Client / Date of Completion:
Future Assembly / Venice Biennale, 2021

Curators:
Olafur Eliasson and Sebastian Behmann with Paola Antonelli, Hadeel Ibrahim, Caroline Jones, Mariana Mazzucato, Kumi Naidoo, Mary Robinson

Exhibition Photos:
Andrea Avezzù

Type:
Exhibition

Luna is a 1,000 year old redwood tree rising 200 feet high near Stafford in Humboldt County, California. Luna was the home to political activist Julia Butterfly Hill, who occupied the tree’s structure for 738 days between December 10, 1997 and December 18, 1999 to protest Pacific Lumber Company’s planned commodification of the tree. Not coincidentally, earlier clearcutting of the forest—which removed the web of root systems that were stabilizing the topographic region—was attributed to a mudslide on New Years Day of 1997, destroying seven houses in Stafford. Hill’s activism was not just for Luna but rather for the larger region, which directly and indirectly felt the impacts of commodifying nature. In 2000, just a year after an agreement was reached with the lumber company, the tree was attacked with a chainsaw. Biologists and civil engineers came to the rescue, creating a hybrid natural/ artificial bracing system for Luna. With a five meter diameter trunk, Luna was able to persist with these human interventions. Luna deserves a seat at the table as they represent the need for political activism, the fragility and resilience of nature, as well as new hybrid human-natural systems of support and care.

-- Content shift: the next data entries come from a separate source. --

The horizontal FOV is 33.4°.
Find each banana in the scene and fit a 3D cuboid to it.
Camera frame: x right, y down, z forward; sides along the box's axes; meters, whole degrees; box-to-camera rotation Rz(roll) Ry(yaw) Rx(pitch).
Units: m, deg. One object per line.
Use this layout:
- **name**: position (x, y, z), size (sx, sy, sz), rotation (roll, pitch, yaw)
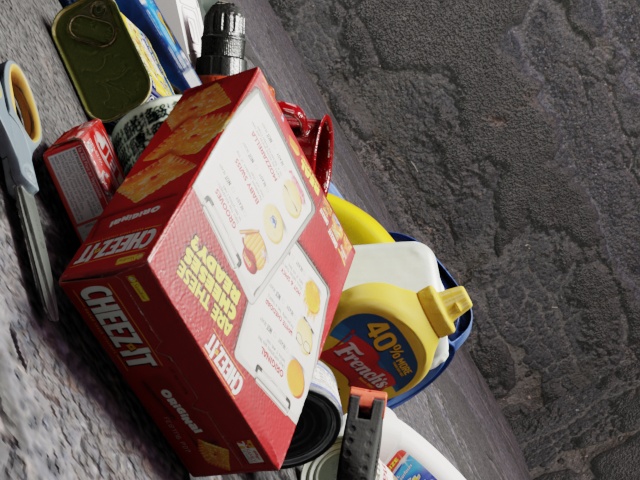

Trees such as Luna are an integral component to the cleansing of air and absorption of atmospheric carbon, yet their critical role often goes unnoticed, making them one of several silent subjects of capitalism. Our seat for Luna includes the separation of Luna from the atmosphere ‘outside’ by an environment bubble. If Banham and Dallegret’s environment bubble liberated architecture from static enclosure and geography yet relied on technology, our seat pulls humans outside of the bubble to consider the true environmental technology of trees. Now, on the outside where increasing pollution levels threaten our health, humans are left to inhale clean air from within the bubble. The separation of atmospheres, which would typically diffuse into each other—acts as a political tool to provide a voice to Luna and other ‘environmental technologies’ of atmosphere.